An en dash (-) between years or months (for example, 2007-08 or January-June) indicates the years or months covered, including the beginning and ending years or months; a slash or virgule (/) between years or months (for example, 2007/08) indicates a fiscal or financial year, as does the abbreviation FY (for example, FY2008).
“Billion” means a thousand million; “trillion” means a thousand billion.
“Basis points”refer to hundredths of 1 percentage point (for example, 25 basis points are equivalent to ¼ of 1 percentage point).
As used in this publication, the term “country” does not in all cases refer to a territorial entity that is a state as understood by international law and practice. As used here, the term also covers some territorial entities that are not states but for which statistical data are maintained on a separate and independent basis.
Preface
This paper examines the impact on economic performance of structural policies—that is, policies that increase the role of market forces and competition in the economy, while maintaining appropriate regulatory frameworks.
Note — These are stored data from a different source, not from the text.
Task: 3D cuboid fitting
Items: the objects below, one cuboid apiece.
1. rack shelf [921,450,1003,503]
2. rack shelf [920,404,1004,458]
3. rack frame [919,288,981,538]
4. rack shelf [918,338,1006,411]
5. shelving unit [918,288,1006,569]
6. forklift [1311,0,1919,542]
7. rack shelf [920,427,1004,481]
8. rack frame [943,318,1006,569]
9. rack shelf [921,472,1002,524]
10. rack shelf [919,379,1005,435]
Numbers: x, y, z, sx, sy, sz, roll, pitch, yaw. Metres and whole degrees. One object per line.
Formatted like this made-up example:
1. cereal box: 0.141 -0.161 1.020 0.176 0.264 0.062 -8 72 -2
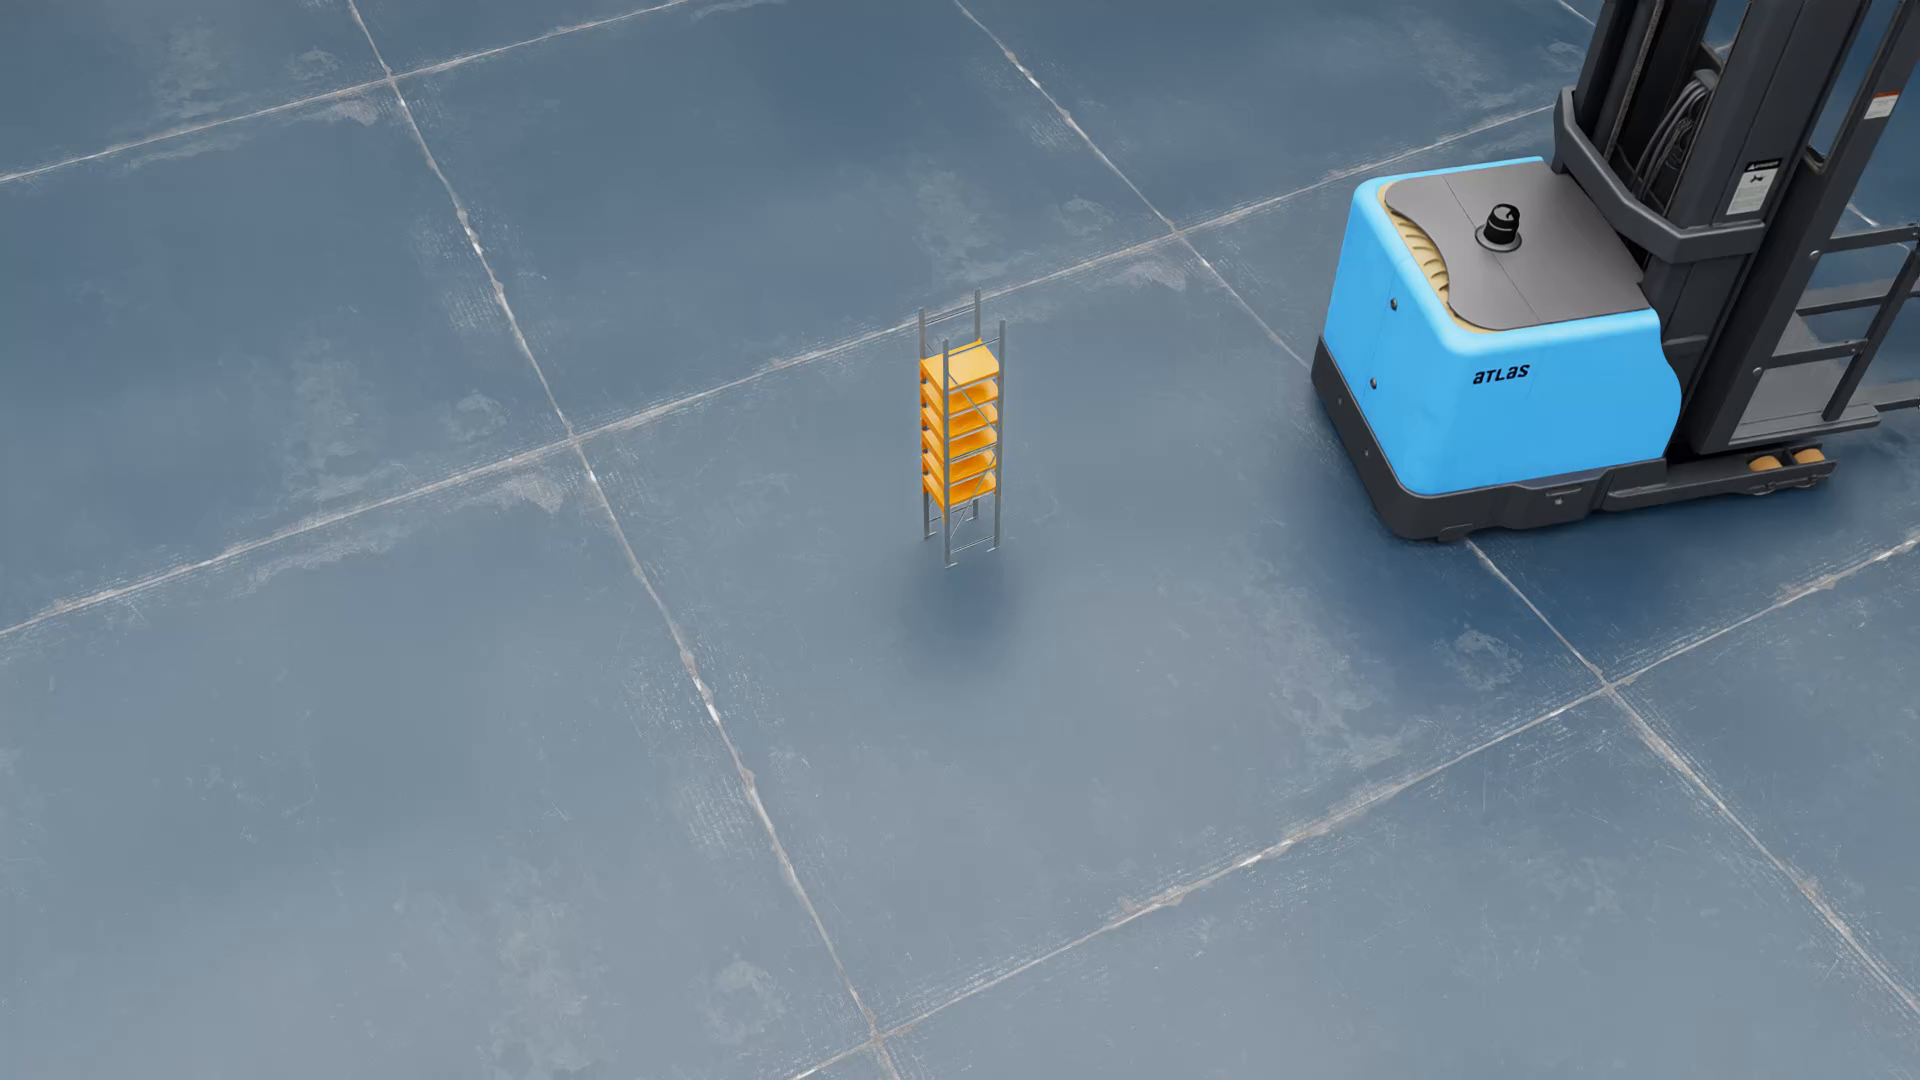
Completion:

It examines the effects of structural reforms on two aspects of economic performance—medium-run growth and macroeconomic stability and resilience—from a global standpoint, and in so doing improves the analytical basis of IMF policy advice by drawing on the lessons from broad cross-country experience. Underpinning the results was a major data collection effort, involving the compilation of indicators of structural reform for a large sample of 91 developing and developed countries over the past three decades. The resulting dataset is unique in its country and time coverage. Compared to most previous efforts, it is also much broader in terms of the sectoral coverage of reforms—including indicators of liberalization in domestic product markets, international trade, several indicators of liberalization of the domestic financial sector, and measures of external capital account liberalization. The dataset's breadth along the sectoral dimension is essential to address issues of reform sequencing, an area that has generated much thought from a theoretical standpoint, but where systematic cross-country evidence—as opposed to smaller-scale case studies—is sorely lacking.
The paper was prepared under the direction of Jonathan D. Ostry (Deputy Director, Research Department) by a staff team led by Alessandro Prati (Chief, Macroeconomic Studies Division in the Research Department) and Antonio Spilimbergo, and comprising Lone Christiansen, Prachi Mishra, Chris Papageorgiou, Rodney Ramcharan, Martin Schindler, Nikola Spatafora, Stephen Tokarick, and Thierry Tressel. The paper has benefited from comments from a number of IMF colleagues. Special thanks are due to Manzoor Gill and Freddy Cama for outstanding research support, and to Tracey Lookadoo whose help ensured the timely preparation of the manuscript. Esha Ray of the External Relations Department edited the manuscript and coordinated its publication. The opinions expressed in this paper are those of the authors and do not necessarily represent the views of national authorities, the IMF, or IMF Executive Directors.
This paper is dedicated to the memory of Alessandro Prati.